Il figlio maggiorenne senza una occupazione lavorativa stabile, dipendente economicamente dai genitori divorziati ed affetto da una patologia di tipo depressivo che non integra la condizione di grave handicap, non può soddisfare l'esigenza ad una vita dignitosa mediante l'attuazione dell'obbligo di mantenimento del genitore, bensì attraverso i diversi strumenti di ausilio, ormai di dimensione sociale, che sono finalizzati ad assicurare sostegno al reddito, ferma restando l'obbligazione alimentare da azionarsi nell'ambito familiare per supplire ad ogni più essenziale esigenza di vita dell'individuo bisognoso.

Massima

Il figlio maggiorenne senza una occupazione lavorativa stabile, dipendente economicamente dai genitori divorziati ed affetto da una patologia di tipo depressivo che non integra la condizione di grave handicap, non può soddisfare l'esigenza ad una vita dignitosa mediante l'attuazione dell'obbligo di mantenimento del genitore, bensì attraverso i diversi strumenti di ausilio, ormai di dimensione sociale, che sono finalizzati ad assicurare sostegno al reddito, ferma restando l'obbligazione alimentare da azionarsi nell'ambito familiare per supplire ad ogni più essenziale esigenza di vita dell'individuo bisognoso.

Il caso

Il Tribunale di Tivoli, adito da Tizio in sede di modifica delle condizioni di divorzio, revocava l'assegno di € 500 posto a carico di quest'ultimo per il mantenimento del figlio maggiorenne Sempronio, ancora convivente con la madre.

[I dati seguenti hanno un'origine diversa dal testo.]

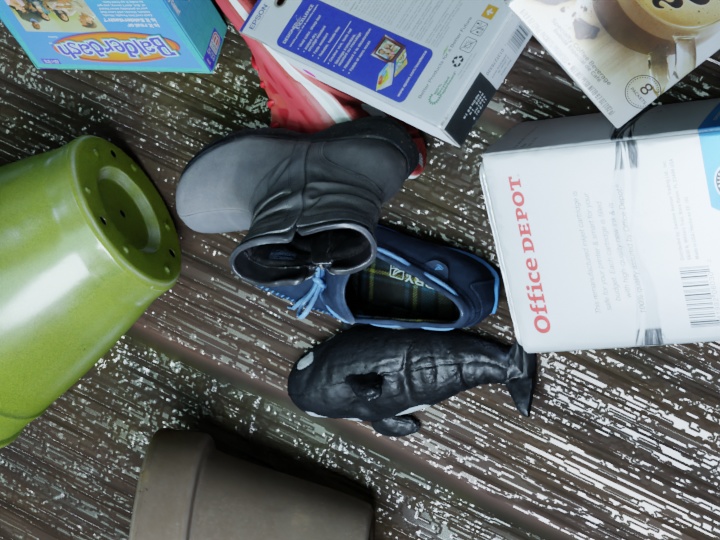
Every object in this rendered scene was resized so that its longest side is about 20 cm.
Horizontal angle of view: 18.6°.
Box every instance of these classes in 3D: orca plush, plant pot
[{"bbox_3d":[0.028,0.090,1.607,0.199,0.071,0.106,9,116,21],"label":"orca plush"},{"bbox_3d":[-0.080,0.226,1.665,0.173,0.201,0.202,5,116,5],"label":"plant pot"},{"bbox_3d":[-0.245,0.000,1.639,0.192,0.200,0.201,-31,97,21],"label":"plant pot"}]

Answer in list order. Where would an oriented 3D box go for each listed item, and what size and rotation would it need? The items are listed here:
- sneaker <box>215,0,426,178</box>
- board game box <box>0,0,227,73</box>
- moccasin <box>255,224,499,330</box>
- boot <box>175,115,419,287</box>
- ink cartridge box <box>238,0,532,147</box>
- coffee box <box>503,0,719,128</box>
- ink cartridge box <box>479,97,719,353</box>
[{"bbox_3d":[-0.057,-0.114,1.553,0.115,0.078,0.200,-40,91,32],"label":"sneaker"},{"bbox_3d":[-0.200,-0.212,1.529,0.151,0.045,0.200,4,151,23],"label":"board game box"},{"bbox_3d":[0.000,0.000,1.579,0.199,0.068,0.081,5,108,24],"label":"moccasin"},{"bbox_3d":[-0.064,-0.039,1.488,0.199,0.132,0.070,-15,120,33],"label":"boot"},{"bbox_3d":[0.015,-0.159,1.441,0.199,0.037,0.095,29,84,38],"label":"ink cartridge box"},{"bbox_3d":[0.199,-0.200,1.354,0.200,0.080,0.113,-39,108,21],"label":"coffee box"},{"bbox_3d":[0.196,-0.031,1.464,0.199,0.086,0.148,-4,110,28],"label":"ink cartridge box"}]
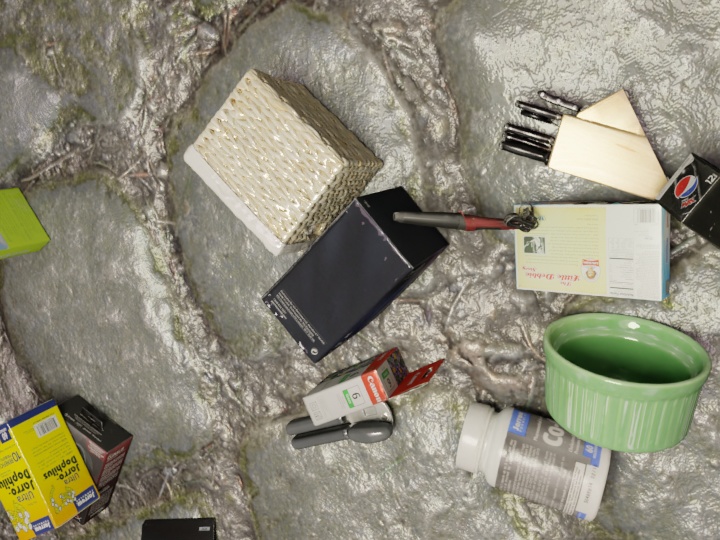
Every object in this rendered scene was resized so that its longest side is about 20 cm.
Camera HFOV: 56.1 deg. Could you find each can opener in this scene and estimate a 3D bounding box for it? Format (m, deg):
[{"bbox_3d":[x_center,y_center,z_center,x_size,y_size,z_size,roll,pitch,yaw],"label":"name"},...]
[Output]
[{"bbox_3d":[-0.037,0.251,1.087,0.196,0.066,0.054,-16,96,28],"label":"can opener"}]

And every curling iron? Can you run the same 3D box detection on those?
[{"bbox_3d":[0.138,-0.070,0.878,0.195,0.026,0.050,2,147,-7],"label":"curling iron"}]

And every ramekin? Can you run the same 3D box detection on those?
[{"bbox_3d":[0.326,0.139,0.851,0.195,0.200,0.100,8,111,19],"label":"ramekin"}]

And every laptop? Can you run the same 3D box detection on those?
[{"bbox_3d":[-0.324,0.582,1.294,0.173,0.104,0.203,-10,123,23],"label":"laptop"}]

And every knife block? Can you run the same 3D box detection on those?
[{"bbox_3d":[0.280,-0.148,0.879,0.173,0.064,0.203,-27,91,24],"label":"knife block"}]

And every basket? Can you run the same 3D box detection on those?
[{"bbox_3d":[-0.103,-0.154,0.958,0.200,0.198,0.162,43,108,8],"label":"basket"}]

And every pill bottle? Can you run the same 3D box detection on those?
[{"bbox_3d":[0.240,0.261,0.950,0.196,0.114,0.117,15,106,17],"label":"pill bottle"}]

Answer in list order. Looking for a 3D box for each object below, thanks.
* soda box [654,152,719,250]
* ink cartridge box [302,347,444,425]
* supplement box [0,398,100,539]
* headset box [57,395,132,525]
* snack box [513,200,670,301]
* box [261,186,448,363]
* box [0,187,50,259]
[{"bbox_3d":[0.441,-0.053,0.783,0.197,0.064,0.071,26,113,-22],"label":"soda box"},{"bbox_3d":[0.021,0.163,1.019,0.197,0.109,0.051,-26,92,23],"label":"ink cartridge box"},{"bbox_3d":[-0.578,0.356,1.210,0.107,0.109,0.203,-25,91,25],"label":"supplement box"},{"bbox_3d":[-0.534,0.353,1.293,0.147,0.077,0.203,31,112,13],"label":"headset box"},{"bbox_3d":[0.294,-0.029,0.877,0.197,0.037,0.119,5,103,41],"label":"snack box"},{"bbox_3d":[0.000,0.000,0.944,0.124,0.200,0.198,47,113,6],"label":"box"},{"bbox_3d":[-0.661,-0.077,1.187,0.047,0.200,0.123,-34,88,23],"label":"box"}]
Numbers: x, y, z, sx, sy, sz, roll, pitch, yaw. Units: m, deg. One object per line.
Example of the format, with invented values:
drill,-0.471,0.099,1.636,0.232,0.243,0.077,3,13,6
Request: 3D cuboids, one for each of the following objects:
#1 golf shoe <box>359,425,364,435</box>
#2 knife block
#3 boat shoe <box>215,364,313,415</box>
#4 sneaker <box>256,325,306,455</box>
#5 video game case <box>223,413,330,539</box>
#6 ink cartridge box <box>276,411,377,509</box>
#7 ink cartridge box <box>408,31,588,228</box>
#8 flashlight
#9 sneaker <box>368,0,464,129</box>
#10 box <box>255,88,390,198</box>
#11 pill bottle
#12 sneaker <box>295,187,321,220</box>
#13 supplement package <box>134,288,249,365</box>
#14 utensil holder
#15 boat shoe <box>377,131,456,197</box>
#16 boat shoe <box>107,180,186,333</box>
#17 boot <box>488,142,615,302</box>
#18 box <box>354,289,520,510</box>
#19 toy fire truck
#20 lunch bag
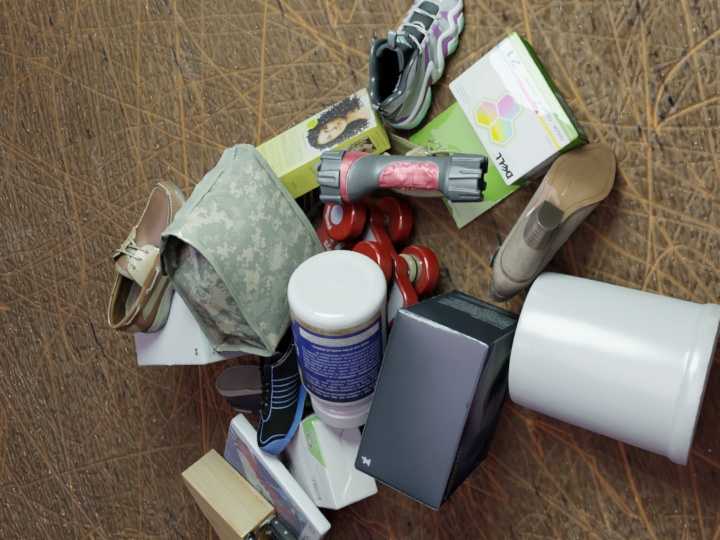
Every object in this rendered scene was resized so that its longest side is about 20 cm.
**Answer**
golf shoe,0.023,0.137,1.046,0.076,0.094,0.206,-8,89,28
knife block,-0.162,0.356,1.119,0.203,0.063,0.175,58,148,-3
boat shoe,-0.119,0.183,1.151,0.195,0.073,0.064,1,132,23
sneaker,-0.107,0.145,1.027,0.070,0.076,0.204,37,106,61
video game case,-0.128,0.322,1.122,0.200,0.023,0.184,47,148,17
ink cartridge box,-0.060,0.260,1.084,0.199,0.066,0.120,-25,81,62
ink cartridge box,0.156,-0.165,0.962,0.198,0.075,0.150,-35,79,25
flashlight,0.048,-0.107,0.916,0.195,0.068,0.070,6,97,18
sneaker,0.063,-0.283,0.957,0.076,0.139,0.205,18,95,22
box,-0.063,-0.152,1.003,0.197,0.050,0.076,-27,51,13
pill bottle,-0.021,0.088,0.923,0.113,0.116,0.203,19,136,24
sneaker,-0.078,-0.132,1.077,0.074,0.087,0.202,41,110,17
supplement package,-0.193,0.037,1.072,0.149,0.198,0.155,-6,91,40
utensil holder,0.284,0.101,0.872,0.196,0.169,0.175,14,100,28
boat shoe,0.055,-0.142,0.996,0.197,0.073,0.064,21,120,36
boat shoe,-0.261,-0.009,0.947,0.075,0.071,0.205,30,113,34
boot,0.220,-0.052,0.928,0.070,0.199,0.147,41,146,13
box,0.104,0.148,0.947,0.121,0.197,0.205,20,104,23
toy fire truck,0.000,0.000,1.026,0.168,0.110,0.203,-48,54,36
lunch bag,-0.145,-0.026,0.924,0.115,0.165,0.203,2,134,34

Tale decisione era riformata dalla Corte d'Appello di Roma che non condivideva i rilievi dei giudici di primo grado, ovvero che Sempronio avesse maturato una significativa esperienza lavorativa ed adeguate capacità reddituali.

Le condizioni psicopatologiche di Sempronio, inoltre, erano documentate e avevano comportato la sua presa in carico riabilitativa da parte del servizio di salute mentale della ASL rendendo più difficile la sua ricerca e lo svolgimento di un'attività lavorativa.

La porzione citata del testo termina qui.